Open rcrehuet opened 10 years ago
I'm testing now with the latest pymc (2.3.4), will look into this.
I will warn that for your own problem, it's not guaranteed that this sort of cross validation will be useful and lead to a well-defined minimum. The issue is that we have both simulation data (coordinates) and experimental data, and our regularization tunes our "relative faith" in both of these. I think a lot of the difficulty comes from the fact that our model doesn't consider uncertainty in conformations / populations--the only source of uncertainty is the experimental inputs. This can occassionally lead to issues, so it's worth thinking about as a potential limitation.
OK, I've reproduced your issue. I still have no idea what's going on, as it appears that something in one of the python packages is causing us to get slightly different results...
Yeah, I will probably have to brainstorm to come up with a better example for this tutorial. It's very strange that the output of this Notebook changed, as the FitEnsemble code hasn't changed a bit.
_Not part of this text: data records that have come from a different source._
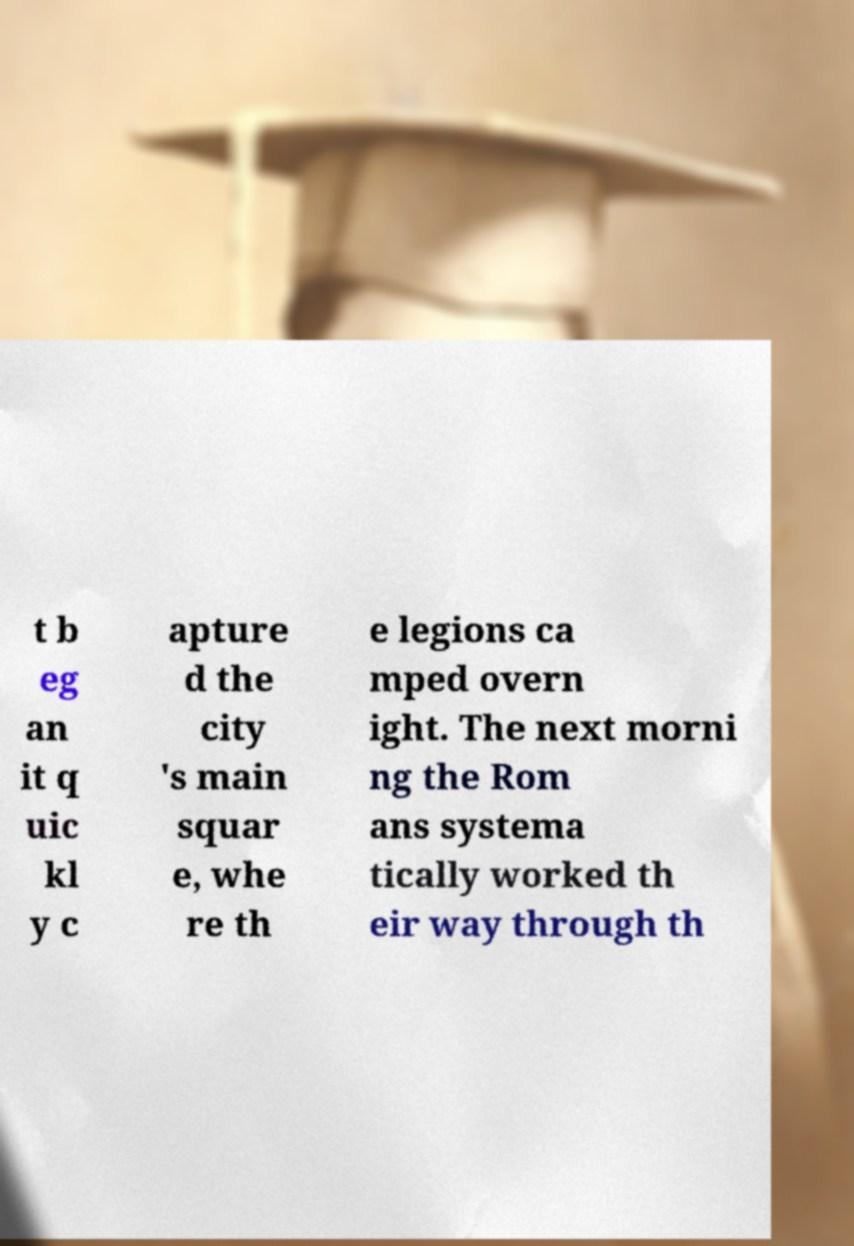Can you read and provide the text displayed in the image?This photo seems to have some interesting text. Can you extract and type it out for me? t b eg an it q uic kl y c apture d the city 's main squar e, whe re th e legions ca mped overn ight. The next morni ng the Rom ans systema tically worked th eir way through th 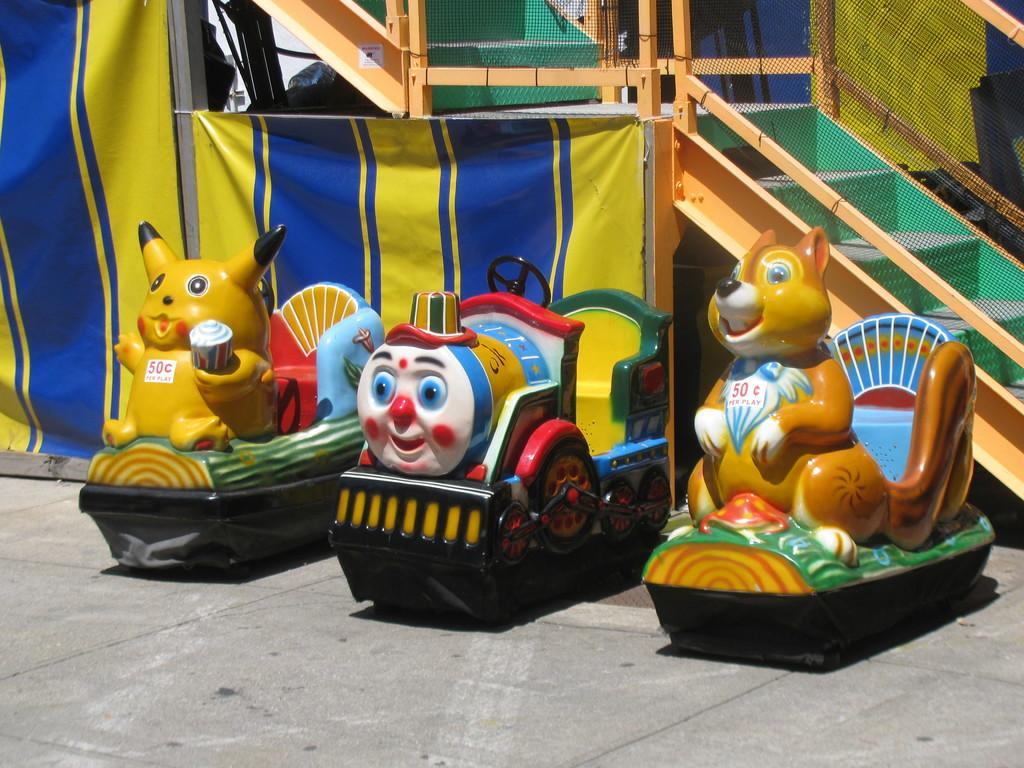In one or two sentences, can you explain what this image depicts? In this picture I can see there are toys and in the backdrop, there are wooden stairs with a railing and a net. 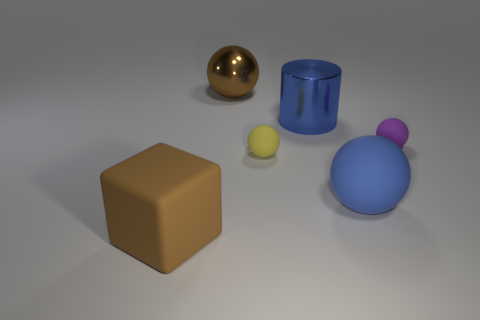What number of yellow objects are large rubber spheres or cylinders?
Provide a short and direct response. 0. Are there more small brown rubber spheres than large shiny cylinders?
Offer a very short reply. No. There is a brown object that is in front of the big blue matte object; is it the same size as the blue rubber sphere in front of the big metallic cylinder?
Your response must be concise. Yes. The sphere that is behind the small purple sphere that is on the right side of the tiny matte object left of the tiny purple ball is what color?
Your answer should be very brief. Brown. Is there a large rubber object that has the same shape as the small purple thing?
Offer a very short reply. Yes. Is the number of spheres that are in front of the purple sphere greater than the number of small yellow things?
Offer a terse response. Yes. How many shiny things are either small yellow blocks or spheres?
Make the answer very short. 1. There is a matte object that is both to the right of the brown block and to the left of the blue rubber thing; what size is it?
Your response must be concise. Small. Are there any tiny things to the left of the blue object that is behind the big rubber sphere?
Keep it short and to the point. Yes. There is a tiny purple object; what number of tiny balls are in front of it?
Offer a very short reply. 1.

But back to the point: I believe the results you are seeing are characteristic of cases where cross validation won't be useful. The issue is that the input ensemble already agrees with the experimental values pretty well, so the best possible thing to do is to force alpha = 0 and simply return your input ensemble.
Another thing to note is that the chi squared is dropping under 1.0. This sometimes indicates that we're near the regime where we're limited by the uncertainty in our measurements.
Thanks Kyle. Just to make things clear: I'm running the Tutorials with the data from the tutorials, not mine. I think the chi^2 is close enough to 1. Surely below that we would be fitting the experimental noise. This relates to an issue from Tutorial 1. The chi^2 obtained is very small:
Reduced chi squared of BELT: 0.020964
(I was refering to that in a previous issue, but now I'd like to raise a different question). In the Tutorial 3, if I also print the chi^2 for the training set:
all_train_chi = np.zeros(3)
for k, regularization_strength in enumerate(regularization_strength_list):
model_factory = lambda predictions, measurements, uncertainties: belt.MaxEntBELT(predictions, measurements, uncertainties, regularization_strength)
train_chi, test_chi = belt.cross_validated_mcmc(predictions, measurements, uncertainties, model_factory, bootstrap_index_list, num_samples=num_samples, thin=thin)
all_test_chi[k] = test_chi.mean()
all_train_chi[k] = train_chi.mean()
Then the chis from the training set are slightly lower than those of the test set (as expected) but very close to 1. But the fit to the training set is the same procedure carried out in Tutorial 1, where the chi^2 is two orders of magnitude smaller. Why is that so?
I am trying to reproduce Tutorial 3 and I get different results. When I evaluate the cell in Grid Search from: http://nbviewer.ipython.org/github/kyleabeauchamp/FitEnsemble/blob/master/tutorial/Tutorial3.ipynb I get a different output. Could it be a different pymc version? I am using version 2.3.2. My sampling seems to include the burnin process (20000 iterations instead of 25000) and it runs 2 runs for each value of regularization_strength:
But the problem is the results are also different and result in a different interpretation: the chi^2 doesn't have a minimum at 3.0:
I cannot find which version of fitensemble I'm running, but I guess there is only one public release.